The Shadow Bowl was a first-of-its-kind experiment with communications assets, sensor networks and online connectivity to centralized medical emergency resources. Going beyond mass casualty events, the results of the experiment accentuated the value of redundant communications.

Recent UC Biomedical Informatics Projects

While Harnett's recent work is more locally focused, it is no less impactful.

HiLois, a social support network app, is one example. In 2011, Harnett's mom, Lois, was diagnosed with Alzheimer's disease. Harnett and his brothers lived in different parts of the country, making frequent physical visits difficult. As her disease progressed, it became more and more difficult for Lois to enjoy phone conversations, stay on topic and remember who was on the other side.

To address this challenge, Harnett created an app to help his mother—and other patients—more easily communicate with family and friends.

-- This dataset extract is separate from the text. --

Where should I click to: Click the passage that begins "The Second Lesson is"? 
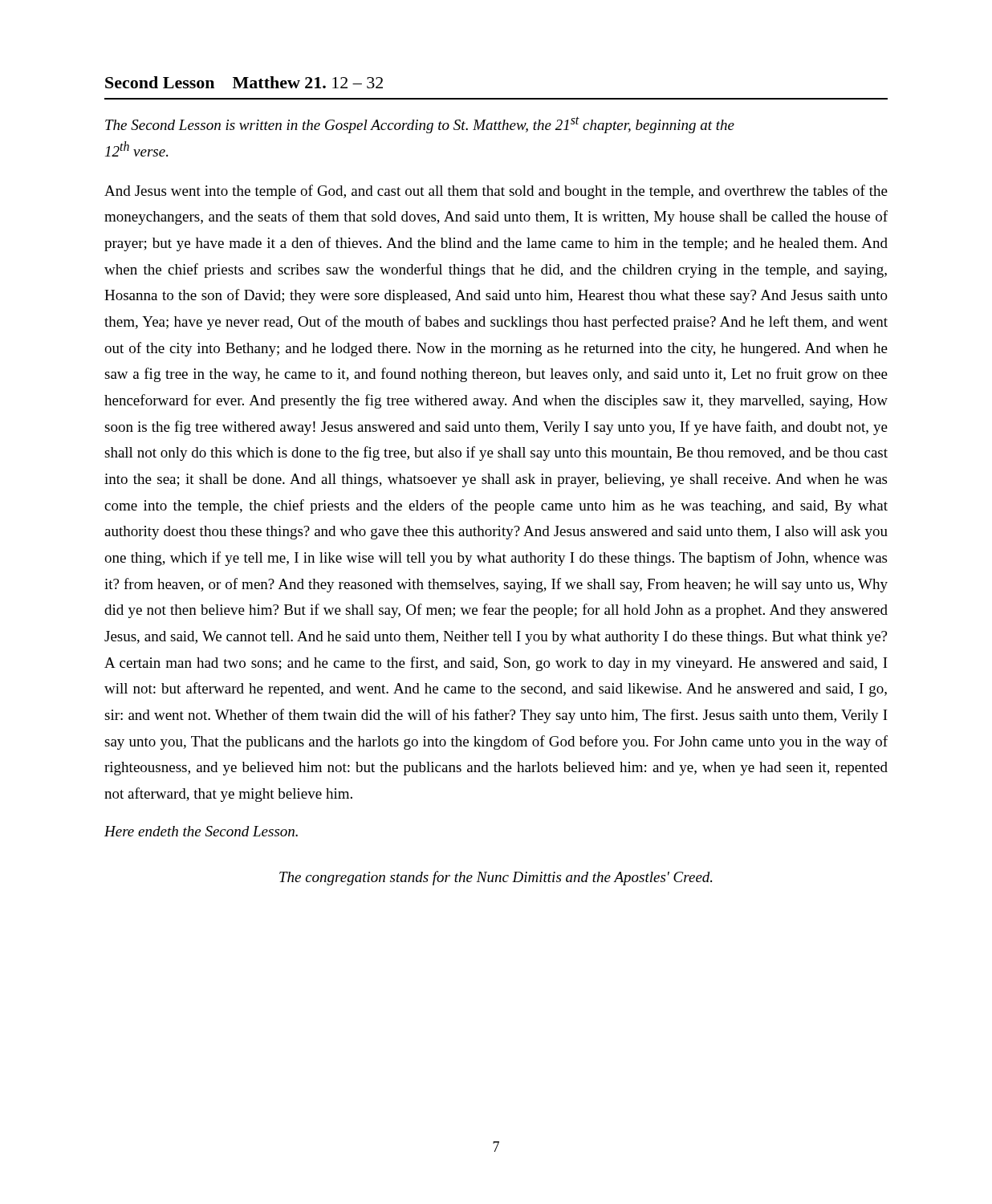(x=419, y=137)

The app has been funded by the UC Technology Accelerator program for commercialization. HiLois combines a digital photoframe app specifically for the iPad or Android tablet with a feature-rich mobile app for the iPhone, Android smartphone or tablet, giving patients easy access to a seamless social support network. The app, now in beta testing, promises to enrich the lives of both Alzheimer's patients and their families.

Some of his team's other recent projects include:

  • EMERSE (Electronic Medical Record Search Engine) Electronic health record (EHR) data are routinely used in research, yet the promise of utilizing those vast data stores is limited because much of the richest, most comprehensive data are "trapped" within free text clinical notes. EMERSE is a tool originally developed at the University of Michigan (UM) to address this 'text mining' challenge. Harnett and his team are part of a four-year effort with the UM and four other institutions to improve on the system's capabilities and achieve scale.
  • Asclepius, research cohort identification tool. Harnett's team has developed Asclepius, a self-service research and cohort identification tool to integrate data from disparate imaging systems—like electrocardiography systems—into the EHR for research purposes. It extracts selected data from those proprietary imaging systems and moves that data to the EHR. The data are then available to researchers, who can freely query selected patient cohorts based on research questions.
  • AFDST, Atrial Fibrillation Decision Support Tool. Working under the direction of Mark Eckman, Alice Margaret Posey Endowed Chair in the Department of Internal Medicine, and the biomedical informatics team at UC has developed an Atrial Fibrillation Decision Support Tool (AFDST) that uses a decision analytic engine to generate patient-level recommendations for thromboprophylaxis. Information required to calculate atrial fibrillation-related stroke and intracerebral hemorrhage risk profiles came from published standards and individual's patient data from Epic.  Treatment recommendations are then generated for patients based upon projections of quality-adjusted life expectancy calculated by the decision analytic model. The tool is now in clinical practice.